_Requirement_: Once you find the line with "4. game cartridge [448, 158, 693, 433]" in the entries below, return exactly every line from it through the line with "#12 sneaker [41, 132, 222, 421]".

_The data_:
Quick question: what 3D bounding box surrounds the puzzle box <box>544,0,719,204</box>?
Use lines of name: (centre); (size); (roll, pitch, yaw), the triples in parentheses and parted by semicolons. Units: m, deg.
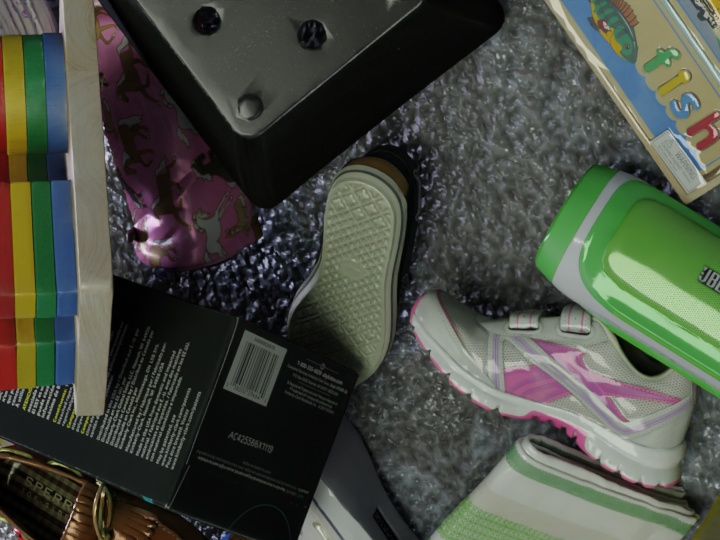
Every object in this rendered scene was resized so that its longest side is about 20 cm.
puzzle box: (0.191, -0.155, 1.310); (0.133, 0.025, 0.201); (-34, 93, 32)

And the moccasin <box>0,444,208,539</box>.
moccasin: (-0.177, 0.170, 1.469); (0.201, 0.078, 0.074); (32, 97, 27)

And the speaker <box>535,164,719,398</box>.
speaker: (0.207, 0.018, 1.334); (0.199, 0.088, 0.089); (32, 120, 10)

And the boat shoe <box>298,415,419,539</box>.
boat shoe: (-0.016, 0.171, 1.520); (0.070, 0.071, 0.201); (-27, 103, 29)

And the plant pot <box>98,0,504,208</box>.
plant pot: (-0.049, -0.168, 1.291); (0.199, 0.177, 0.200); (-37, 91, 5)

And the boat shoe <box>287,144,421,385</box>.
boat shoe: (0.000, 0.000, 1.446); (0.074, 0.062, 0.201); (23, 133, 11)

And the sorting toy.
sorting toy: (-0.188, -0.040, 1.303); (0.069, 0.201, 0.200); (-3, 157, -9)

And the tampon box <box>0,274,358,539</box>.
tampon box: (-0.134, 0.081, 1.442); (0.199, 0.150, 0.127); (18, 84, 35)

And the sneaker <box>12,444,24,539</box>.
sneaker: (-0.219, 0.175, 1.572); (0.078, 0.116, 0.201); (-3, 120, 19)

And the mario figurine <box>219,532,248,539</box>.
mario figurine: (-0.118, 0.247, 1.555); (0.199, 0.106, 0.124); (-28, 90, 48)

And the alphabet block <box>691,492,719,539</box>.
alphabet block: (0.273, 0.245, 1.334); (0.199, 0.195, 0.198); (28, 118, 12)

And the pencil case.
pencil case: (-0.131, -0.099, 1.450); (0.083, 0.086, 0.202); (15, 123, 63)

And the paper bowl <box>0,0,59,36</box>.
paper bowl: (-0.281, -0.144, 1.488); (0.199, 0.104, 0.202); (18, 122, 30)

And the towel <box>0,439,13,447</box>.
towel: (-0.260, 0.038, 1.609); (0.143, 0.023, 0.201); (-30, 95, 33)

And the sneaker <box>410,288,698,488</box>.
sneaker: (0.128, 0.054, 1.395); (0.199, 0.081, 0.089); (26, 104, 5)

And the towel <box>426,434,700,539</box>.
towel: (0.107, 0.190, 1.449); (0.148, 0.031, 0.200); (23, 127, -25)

==

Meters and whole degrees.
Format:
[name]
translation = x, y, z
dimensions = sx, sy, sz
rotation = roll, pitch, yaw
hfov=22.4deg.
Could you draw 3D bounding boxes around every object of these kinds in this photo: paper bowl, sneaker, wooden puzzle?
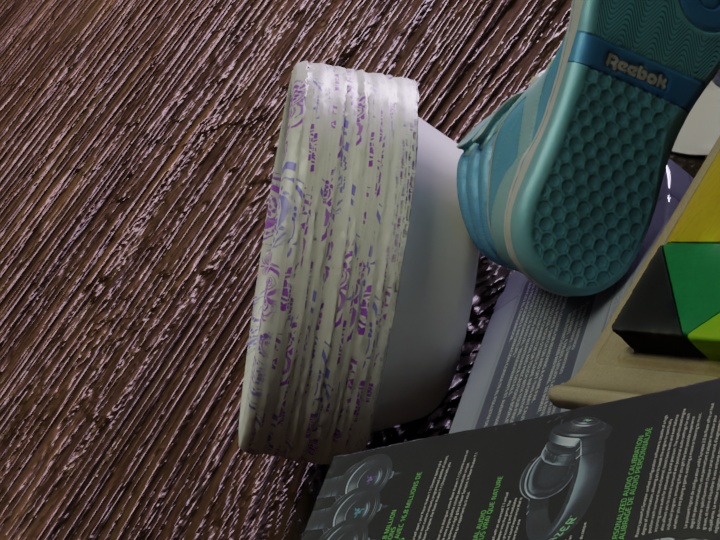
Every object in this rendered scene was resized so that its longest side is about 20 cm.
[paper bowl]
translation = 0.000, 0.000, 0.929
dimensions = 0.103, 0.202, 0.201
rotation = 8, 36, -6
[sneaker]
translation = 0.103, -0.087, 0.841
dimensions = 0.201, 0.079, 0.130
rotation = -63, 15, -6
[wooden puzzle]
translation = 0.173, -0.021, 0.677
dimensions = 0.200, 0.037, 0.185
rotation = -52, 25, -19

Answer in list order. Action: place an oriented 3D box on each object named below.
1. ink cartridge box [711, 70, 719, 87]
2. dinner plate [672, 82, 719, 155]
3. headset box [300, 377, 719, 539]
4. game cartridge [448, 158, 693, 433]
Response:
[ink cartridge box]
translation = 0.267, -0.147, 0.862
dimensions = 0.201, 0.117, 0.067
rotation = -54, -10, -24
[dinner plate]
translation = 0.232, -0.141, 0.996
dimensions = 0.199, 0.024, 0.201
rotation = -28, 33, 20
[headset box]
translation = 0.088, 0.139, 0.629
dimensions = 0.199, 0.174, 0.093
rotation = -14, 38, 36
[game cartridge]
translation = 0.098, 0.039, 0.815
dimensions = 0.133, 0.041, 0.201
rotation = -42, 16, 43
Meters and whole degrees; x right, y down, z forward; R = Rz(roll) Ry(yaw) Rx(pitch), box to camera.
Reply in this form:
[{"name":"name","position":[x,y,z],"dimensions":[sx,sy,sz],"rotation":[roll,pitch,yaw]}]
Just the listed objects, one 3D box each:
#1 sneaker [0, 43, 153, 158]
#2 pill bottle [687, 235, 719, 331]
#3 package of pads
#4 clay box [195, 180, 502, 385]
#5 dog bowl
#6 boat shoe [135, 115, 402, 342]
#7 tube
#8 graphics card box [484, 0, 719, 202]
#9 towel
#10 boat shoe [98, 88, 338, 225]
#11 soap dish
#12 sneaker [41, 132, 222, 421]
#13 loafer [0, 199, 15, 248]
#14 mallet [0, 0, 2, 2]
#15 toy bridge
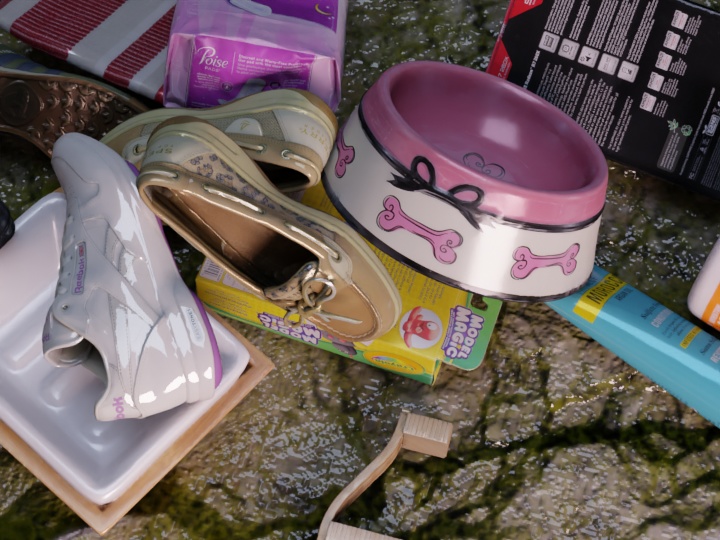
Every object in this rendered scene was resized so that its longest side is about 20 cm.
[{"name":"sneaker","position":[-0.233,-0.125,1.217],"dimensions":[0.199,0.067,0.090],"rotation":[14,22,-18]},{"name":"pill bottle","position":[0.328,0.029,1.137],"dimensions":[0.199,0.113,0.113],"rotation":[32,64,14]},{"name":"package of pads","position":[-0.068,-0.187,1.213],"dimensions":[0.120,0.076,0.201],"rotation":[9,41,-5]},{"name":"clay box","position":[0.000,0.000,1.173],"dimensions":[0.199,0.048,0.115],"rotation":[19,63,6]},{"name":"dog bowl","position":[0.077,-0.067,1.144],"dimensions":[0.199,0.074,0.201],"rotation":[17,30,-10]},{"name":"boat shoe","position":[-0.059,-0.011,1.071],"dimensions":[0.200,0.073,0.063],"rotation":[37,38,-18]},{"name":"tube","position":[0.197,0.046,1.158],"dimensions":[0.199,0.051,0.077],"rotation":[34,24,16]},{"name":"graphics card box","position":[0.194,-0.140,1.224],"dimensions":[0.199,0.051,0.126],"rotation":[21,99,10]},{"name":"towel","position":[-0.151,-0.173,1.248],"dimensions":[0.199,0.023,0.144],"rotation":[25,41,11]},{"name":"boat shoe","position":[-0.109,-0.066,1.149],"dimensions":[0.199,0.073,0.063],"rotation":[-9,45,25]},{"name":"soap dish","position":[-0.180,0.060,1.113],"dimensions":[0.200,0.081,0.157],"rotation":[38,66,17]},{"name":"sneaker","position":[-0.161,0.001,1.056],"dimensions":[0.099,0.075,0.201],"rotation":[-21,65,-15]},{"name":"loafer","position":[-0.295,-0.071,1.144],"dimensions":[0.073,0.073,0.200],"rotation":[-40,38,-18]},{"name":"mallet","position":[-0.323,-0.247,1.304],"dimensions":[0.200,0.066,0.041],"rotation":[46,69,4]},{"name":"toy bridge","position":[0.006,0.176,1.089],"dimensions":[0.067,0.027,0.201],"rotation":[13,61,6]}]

_Answer to the exercise_:
4. game cartridge [448, 158, 693, 433]
Response:
[ink cartridge box]
translation = 0.267, -0.147, 0.862
dimensions = 0.201, 0.117, 0.067
rotation = -54, -10, -24
[dinner plate]
translation = 0.232, -0.141, 0.996
dimensions = 0.199, 0.024, 0.201
rotation = -28, 33, 20
[headset box]
translation = 0.088, 0.139, 0.629
dimensions = 0.199, 0.174, 0.093
rotation = -14, 38, 36
[game cartridge]
translation = 0.098, 0.039, 0.815
dimensions = 0.133, 0.041, 0.201
rotation = -42, 16, 43
Meters and whole degrees; x right, y down, z forward; R = Rz(roll) Ry(yaw) Rx(pitch), box to camera.
Reply in this form:
[{"name":"name","position":[x,y,z],"dimensions":[sx,sy,sz],"rotation":[roll,pitch,yaw]}]
Just the listed objects, one 3D box each:
#1 sneaker [0, 43, 153, 158]
#2 pill bottle [687, 235, 719, 331]
#3 package of pads
#4 clay box [195, 180, 502, 385]
#5 dog bowl
#6 boat shoe [135, 115, 402, 342]
#7 tube
#8 graphics card box [484, 0, 719, 202]
#9 towel
#10 boat shoe [98, 88, 338, 225]
#11 soap dish
#12 sneaker [41, 132, 222, 421]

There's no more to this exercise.